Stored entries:
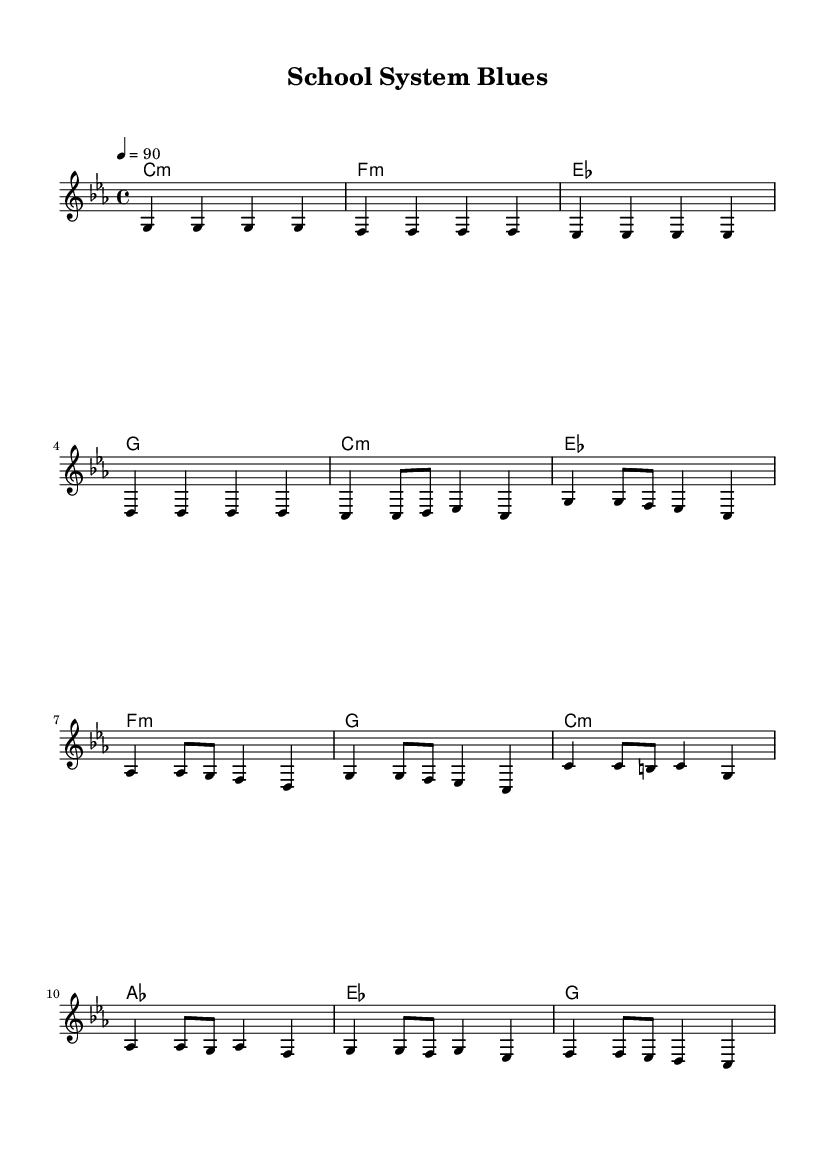What is the key signature of this music? The key signature is C minor, which contains three flat notes: B flat, E flat, and A flat. This is identifiable by the key signature indicated at the beginning of the staff.
Answer: C minor What is the time signature of this music? The time signature is 4/4, meaning there are four beats in each measure, and the quarter note gets one beat. This is shown at the beginning of the musical notation.
Answer: 4/4 What is the tempo marking for this piece? The tempo marking states that the piece should be played at a speed of 90 beats per minute. This tempo indication is noted as "4 = 90" in the header.
Answer: 90 How many measures are in the verse section? The verse section consists of four measures. By counting the separated measures within the section labeled "Verse," we can determine the total.
Answer: 4 Which chord is associated with the chorus? The chorus prominently features an A flat major chord, as indicated in the chord progression for the chorus section. The A flat chord is represented in the chord changes below the melody.
Answer: A flat Is there a repeated motif in the melody? Yes, the motif of the notes G and F appears multiple times in both the verse and chorus sections, showcasing a recurring theme. This repetition can be observed in several places throughout the melody.
Answer: Yes What message does the song title suggest? The song title "School System Blues" implies a critique of the education system, particularly regarding social issues such as inequality and privilege. The title hints at themes of frustration and concern towards educational disparities.
Answer: Critique of the education system

-- What needs to be done --
Transcribe the lines above between the line holding "Answer: C minor" and the line holding "Answer: A flat", inclusive, exactly as they stand and with nothing added.

-- Result --
Answer: C minor What is the time signature of this music? The time signature is 4/4, meaning there are four beats in each measure, and the quarter note gets one beat. This is shown at the beginning of the musical notation.
Answer: 4/4 What is the tempo marking for this piece? The tempo marking states that the piece should be played at a speed of 90 beats per minute. This tempo indication is noted as "4 = 90" in the header.
Answer: 90 How many measures are in the verse section? The verse section consists of four measures. By counting the separated measures within the section labeled "Verse," we can determine the total.
Answer: 4 Which chord is associated with the chorus? The chorus prominently features an A flat major chord, as indicated in the chord progression for the chorus section. The A flat chord is represented in the chord changes below the melody.
Answer: A flat Is there a repeated motif in the melody? Yes, the motif of the notes G and F appears multiple times in both the verse and chorus sections, showcasing a recurring theme. This repetition can be observed in several places throughout the melody.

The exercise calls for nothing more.